On the surface, working as a professional researcher at academia (universities, medical schools, research institutes, government research centers) or at industry is a matter of personal choice. Research jobs at either location have both good and poor operational features. As I have written earlier, many faculty scientists now are increasingly dissatisfied with their serious job problems in academia (see “Why Are University Scientists Increasingly Upset with Their Job? Part I”, and “Part II” ). For the industrial scientists I have known personally, all seemed to be quite happy with their employment, unlike their academic counterparts. It remains uncommon for any faculty scientist to move into a new research job in industry.
As part of a group of interesting articles about current interactions between industrial research and development activities with scientists in academia, Nature (07 December, 2017: vol. 552, number 7683) has just published a brief dispatch by the science writer, Elie Dolgin, “In Good Company” (https://www.nature.com/articles/d41586-017-07425-z). This article describes 4 selected faculty scientists who ended their dissatisfaction in academia by moving into a new position researching in industry. Although the very small number of scientists surveyed does not permit any valid statistical examination, I will give an overview of these individuals followed by a closer look at their motivations (i.e., what were their chief dissatisfactions with university research, and what were they looking for when they moved into industrial research).
Overview of scientists who moved from academia into industry!
The 4 scientists surveyed include both males and females, have varied backgrounds, conducted research in quite different parts of science, and were employed at various institutions within the United States. One is a cancer cell biologist, another is a neuroscientist, the third is a tumor immunologist, and the fourth is a physicist now working with large-scale computation for weather predictions. No common characteristics of age, chief research interest, or cultural background are notable. Some had researched in academia for several decades before moving. All were quite successful with their research career in academia, but developed reasons and feelings for wanting a big change.
Announced causes for dissatisfaction with researching in academia!
Motivations of all 4 individuals for moving out of academia into industrial research include recognition that their research findings then will have more practical outcomes and impact for people needing help.
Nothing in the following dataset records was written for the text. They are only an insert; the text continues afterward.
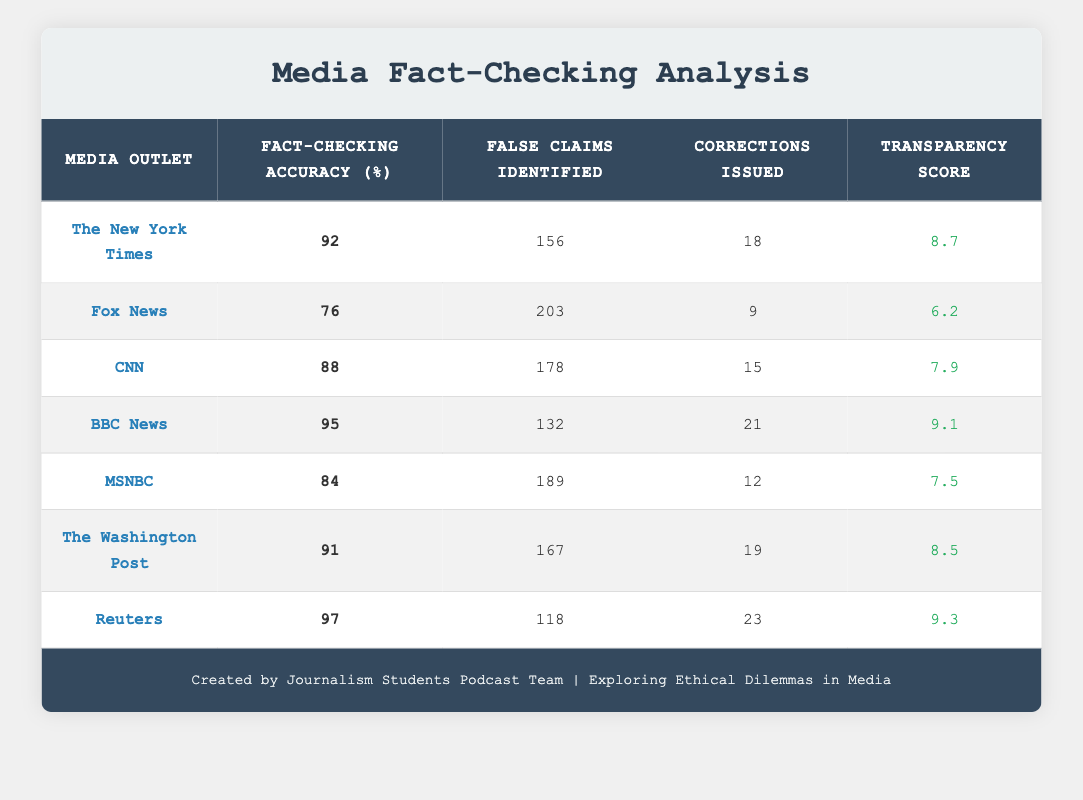What is the fact-checking accuracy of BBC News? The fact-checking accuracy for BBC News is listed directly in the table under the corresponding column, which shows a value of 95%.
Answer: 95% Which media outlet identified the most false claims? By reviewing the "False Claims Identified" column, it is evident that Fox News has the highest number with 203 false claims identified.
Answer: Fox News What is the average fact-checking accuracy of the media outlets listed? To find the average, first sum the accuracy values: 92 + 76 + 88 + 95 + 84 + 91 + 97 = 623. There are 7 media outlets, so the average is 623 / 7, which equals roughly 89.
Answer: 89 Does CNN have a lower fact-checking accuracy than MSNBC? When comparing CNN’s accuracy of 88% with MSNBC’s accuracy of 84%, it is clear that CNN is higher. Therefore, the statement is false.
Answer: No Which outlet has the highest transparency score? Looking at the transparency scores, Reuters has the highest value listed at 9.3. This can be confirmed directly from the table.
Answer: Reuters How many corrections were issued by The Washington Post? The number of corrections issued by The Washington Post is indicated in the table, which notes that they issued 19 corrections.
Answer: 19 What is the difference in transparency scores between The New York Times and Fox News? The transparency score for The New York Times is 8.7 and for Fox News is 6.2. The difference is calculated by subtracting Fox News' score from The New York Times' score: 8.7 - 6.2 = 2.5.
Answer: 2.5 Is it true that The New York Times issued more corrections than MSNBC? The New York Times issued 18 corrections while MSNBC issued 12 corrections. Since 18 is greater than 12, the statement is true.
Answer: Yes Which media outlet has a fact-checking accuracy within 10% of Reuters? Reuters has an accuracy of 97%. Returning to other outlet values, BBC News has 95%, which is within 10% of Reuters’ accuracy (7% difference). Other outlets do not fall within this range.
Answer: BBC News 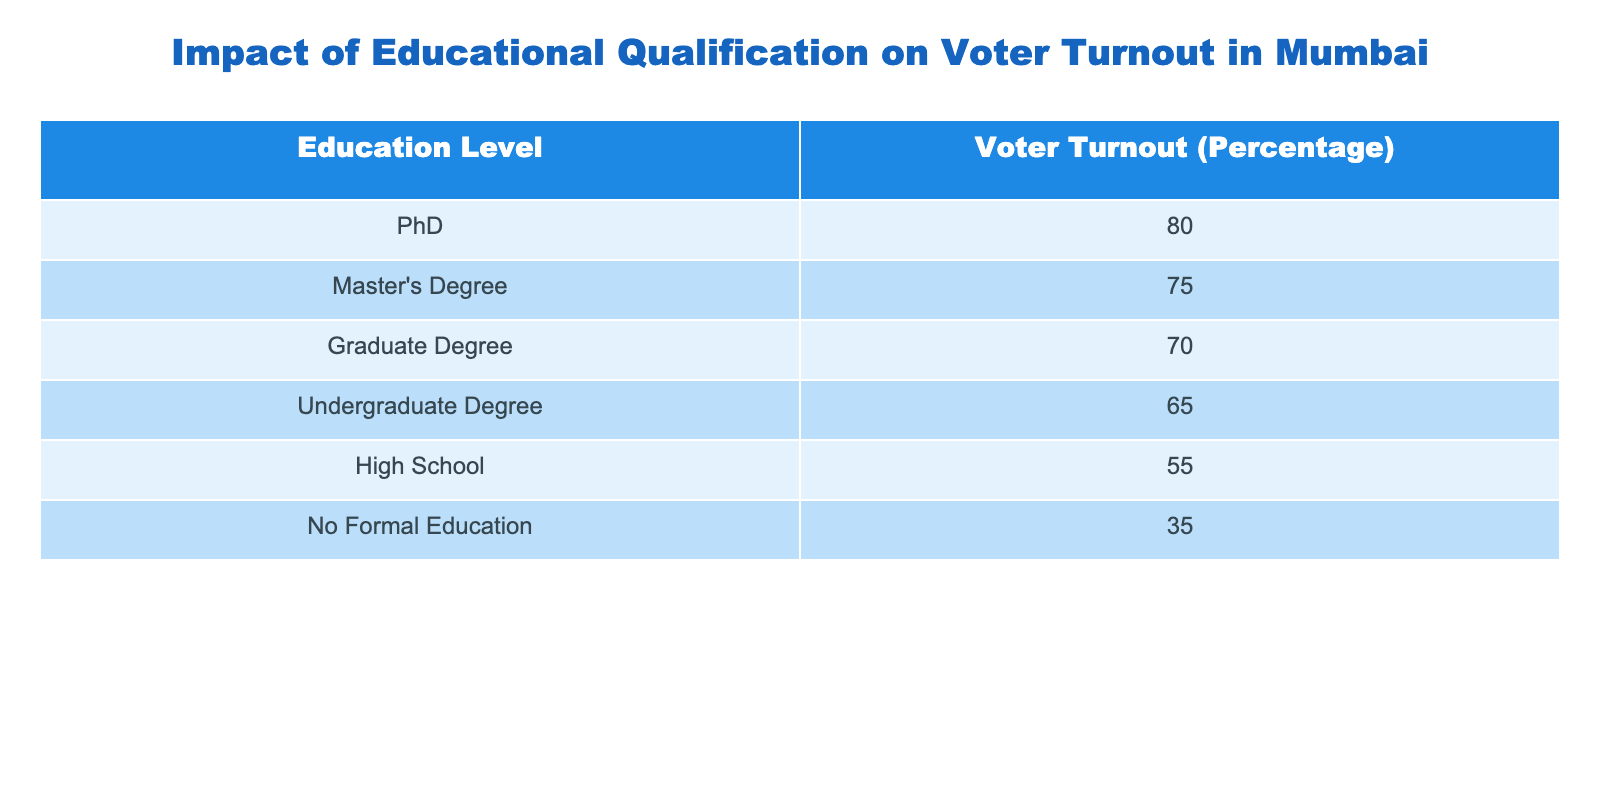What is the voter turnout percentage for individuals with no formal education? The table directly provides the voter turnout percentage for individuals with no formal education, which is listed as 35%.
Answer: 35 What is the difference in voter turnout between those with a Master's Degree and those with a High School education? The voter turnout for Master's Degree holders is 75%, while for those with a High School education, it is 55%. The difference is 75 - 55 = 20%.
Answer: 20% Is the voter turnout for individuals with an Undergraduate Degree higher than for those with a Graduate Degree? The table shows that the voter turnout for individuals with an Undergraduate Degree is 65% and for Graduate Degree holders is 70%. Since 65% is less than 70%, the statement is false.
Answer: No What is the average voter turnout percentage for all education levels listed? To find the average, we sum the percentages of all education levels: (80 + 75 + 70 + 65 + 55 + 35) = 380. There are 6 education levels, so the average is 380 / 6 = approximately 63.33%.
Answer: 63.33 Which education level has the highest voter turnout percentage? Looking through the table, the highest percentage is for individuals with a PhD, which is 80%.
Answer: PhD If you combine the voter turnout percentages of PhD and Master's Degree holders, what percentage do they represent together? The combined voter turnout for PhD (80%) and Master's Degree (75%) is 80 + 75 = 155%.
Answer: 155 What is the overall trend in voter turnout as educational qualification increases? By observing the percentages, we can see that as the educational qualification increases from No Formal Education to PhD, the turnout percentage consistently increases.
Answer: Increasing trend Is the voter turnout for graduates lower than that for individuals with a Master's Degree? According to the data, the voter turnout for Graduates is 70% and for Master's Degree holders is 75%. Since 70% is lower than 75%, the statement is true.
Answer: Yes 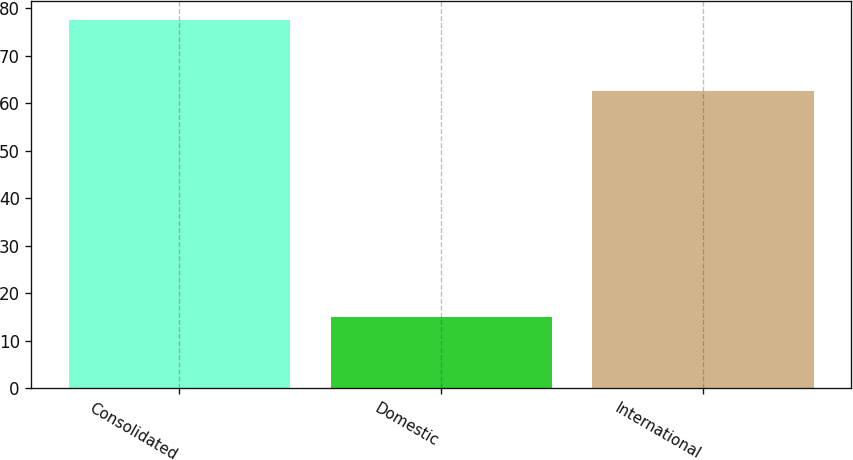Convert chart. <chart><loc_0><loc_0><loc_500><loc_500><bar_chart><fcel>Consolidated<fcel>Domestic<fcel>International<nl><fcel>77.6<fcel>15<fcel>62.6<nl></chart> 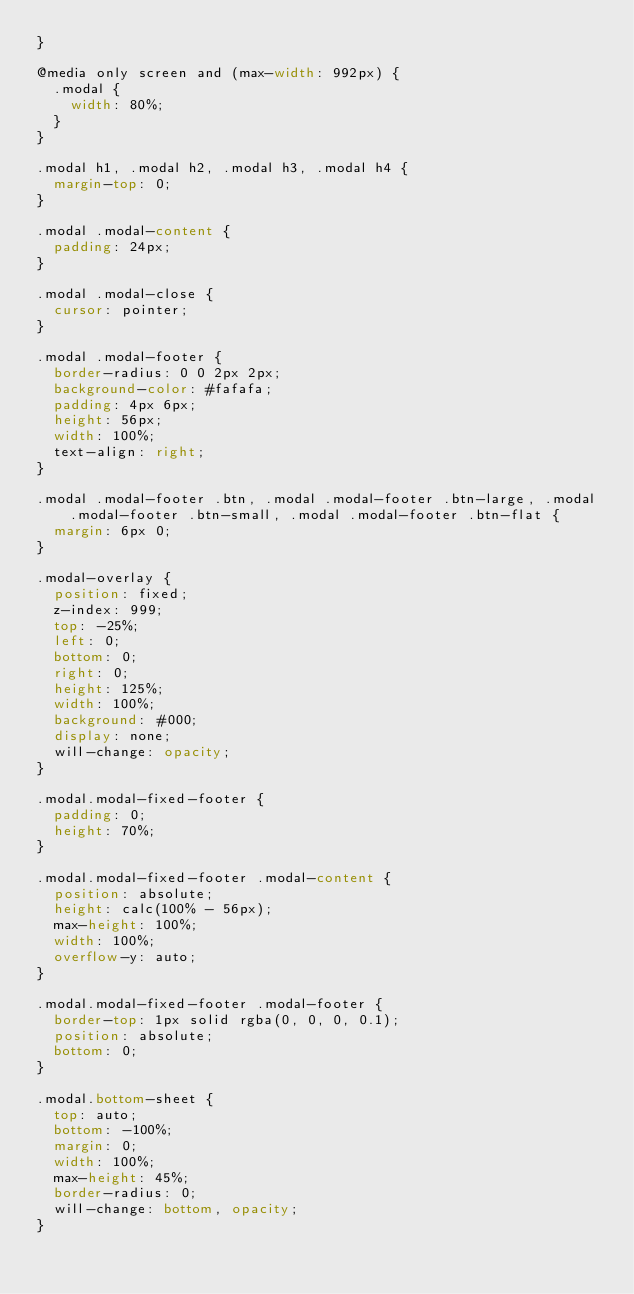<code> <loc_0><loc_0><loc_500><loc_500><_CSS_>}

@media only screen and (max-width: 992px) {
  .modal {
    width: 80%;
  }
}

.modal h1, .modal h2, .modal h3, .modal h4 {
  margin-top: 0;
}

.modal .modal-content {
  padding: 24px;
}

.modal .modal-close {
  cursor: pointer;
}

.modal .modal-footer {
  border-radius: 0 0 2px 2px;
  background-color: #fafafa;
  padding: 4px 6px;
  height: 56px;
  width: 100%;
  text-align: right;
}

.modal .modal-footer .btn, .modal .modal-footer .btn-large, .modal .modal-footer .btn-small, .modal .modal-footer .btn-flat {
  margin: 6px 0;
}

.modal-overlay {
  position: fixed;
  z-index: 999;
  top: -25%;
  left: 0;
  bottom: 0;
  right: 0;
  height: 125%;
  width: 100%;
  background: #000;
  display: none;
  will-change: opacity;
}

.modal.modal-fixed-footer {
  padding: 0;
  height: 70%;
}

.modal.modal-fixed-footer .modal-content {
  position: absolute;
  height: calc(100% - 56px);
  max-height: 100%;
  width: 100%;
  overflow-y: auto;
}

.modal.modal-fixed-footer .modal-footer {
  border-top: 1px solid rgba(0, 0, 0, 0.1);
  position: absolute;
  bottom: 0;
}

.modal.bottom-sheet {
  top: auto;
  bottom: -100%;
  margin: 0;
  width: 100%;
  max-height: 45%;
  border-radius: 0;
  will-change: bottom, opacity;
}</code> 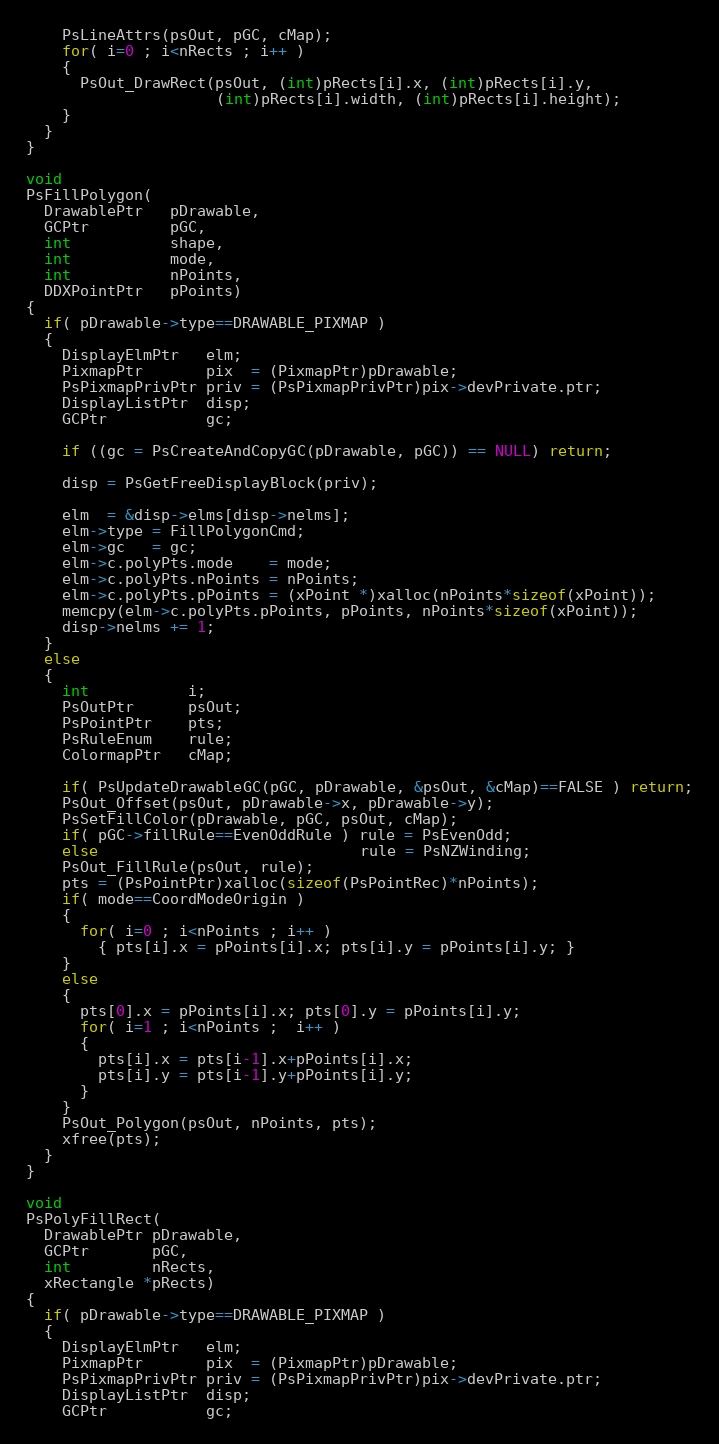<code> <loc_0><loc_0><loc_500><loc_500><_C_>    PsLineAttrs(psOut, pGC, cMap);
    for( i=0 ; i<nRects ; i++ )
    {
      PsOut_DrawRect(psOut, (int)pRects[i].x, (int)pRects[i].y,
                     (int)pRects[i].width, (int)pRects[i].height);
    }
  }
}

void
PsFillPolygon(
  DrawablePtr   pDrawable,
  GCPtr         pGC,
  int           shape,
  int           mode,
  int           nPoints,
  DDXPointPtr   pPoints)
{
  if( pDrawable->type==DRAWABLE_PIXMAP )
  {
    DisplayElmPtr   elm;
    PixmapPtr       pix  = (PixmapPtr)pDrawable;
    PsPixmapPrivPtr priv = (PsPixmapPrivPtr)pix->devPrivate.ptr;
    DisplayListPtr  disp;
    GCPtr           gc;

    if ((gc = PsCreateAndCopyGC(pDrawable, pGC)) == NULL) return;

    disp = PsGetFreeDisplayBlock(priv);

    elm  = &disp->elms[disp->nelms];
    elm->type = FillPolygonCmd;
    elm->gc   = gc;
    elm->c.polyPts.mode    = mode;
    elm->c.polyPts.nPoints = nPoints;
    elm->c.polyPts.pPoints = (xPoint *)xalloc(nPoints*sizeof(xPoint));
    memcpy(elm->c.polyPts.pPoints, pPoints, nPoints*sizeof(xPoint));
    disp->nelms += 1;
  }
  else
  {
    int           i;
    PsOutPtr      psOut;
    PsPointPtr    pts;
    PsRuleEnum    rule;
    ColormapPtr   cMap;

    if( PsUpdateDrawableGC(pGC, pDrawable, &psOut, &cMap)==FALSE ) return;
    PsOut_Offset(psOut, pDrawable->x, pDrawable->y);
    PsSetFillColor(pDrawable, pGC, psOut, cMap);
    if( pGC->fillRule==EvenOddRule ) rule = PsEvenOdd;
    else                             rule = PsNZWinding;
    PsOut_FillRule(psOut, rule);
    pts = (PsPointPtr)xalloc(sizeof(PsPointRec)*nPoints);
    if( mode==CoordModeOrigin )
    {
      for( i=0 ; i<nPoints ; i++ )
        { pts[i].x = pPoints[i].x; pts[i].y = pPoints[i].y; }
    }
    else
    {
      pts[0].x = pPoints[i].x; pts[0].y = pPoints[i].y;
      for( i=1 ; i<nPoints ;  i++ )
      {
        pts[i].x = pts[i-1].x+pPoints[i].x;
        pts[i].y = pts[i-1].y+pPoints[i].y;
      }
    }
    PsOut_Polygon(psOut, nPoints, pts);
    xfree(pts);
  }
}

void
PsPolyFillRect(
  DrawablePtr pDrawable,
  GCPtr       pGC,
  int         nRects,
  xRectangle *pRects)
{
  if( pDrawable->type==DRAWABLE_PIXMAP )
  {
    DisplayElmPtr   elm;
    PixmapPtr       pix  = (PixmapPtr)pDrawable;
    PsPixmapPrivPtr priv = (PsPixmapPrivPtr)pix->devPrivate.ptr;
    DisplayListPtr  disp;
    GCPtr           gc;
</code>

One experienced academic scientist strikingly put the feeling behind his move as, “It’s an opportunity to make drugs instead of papers.”
Perceptions about their new industrial job!
These individual scientists all found more satisfaction researching within industry due to the presence of several different new opportunities: larger salaries, more possibilities to extend basic studies into applied investigations, no need to get research grants to fund their experiments, and the presence of active training programs for postdocs at larger industrial institutions. One scientist who worked on basic research in academia stated about the new job, “I (now) get to see my work come alive.”
These individuals also are aware of a few disadvantages for working in industry, such as needing to attend internal meetings more frequently, absence of graduate students, and the strong role for senior administrators in industrial research projects.
Not announced, but very real, advantages for making this move!
Although not specifically announced in Dolgin’s report, inspection of what their new industrial positions involve indicates that all 4 scientists now have a much larger leadership responsibility (i.e., leading a large research group or serving as an administrative supervisor of an entire research program). Thus, they all advanced their professional status to a large extent. The academic environment for research usually restricts such possibilities to whatever can be funded by individual success in acquiring large or multiple awards of external funding.
Some needed discussion about researching in academia versus industry!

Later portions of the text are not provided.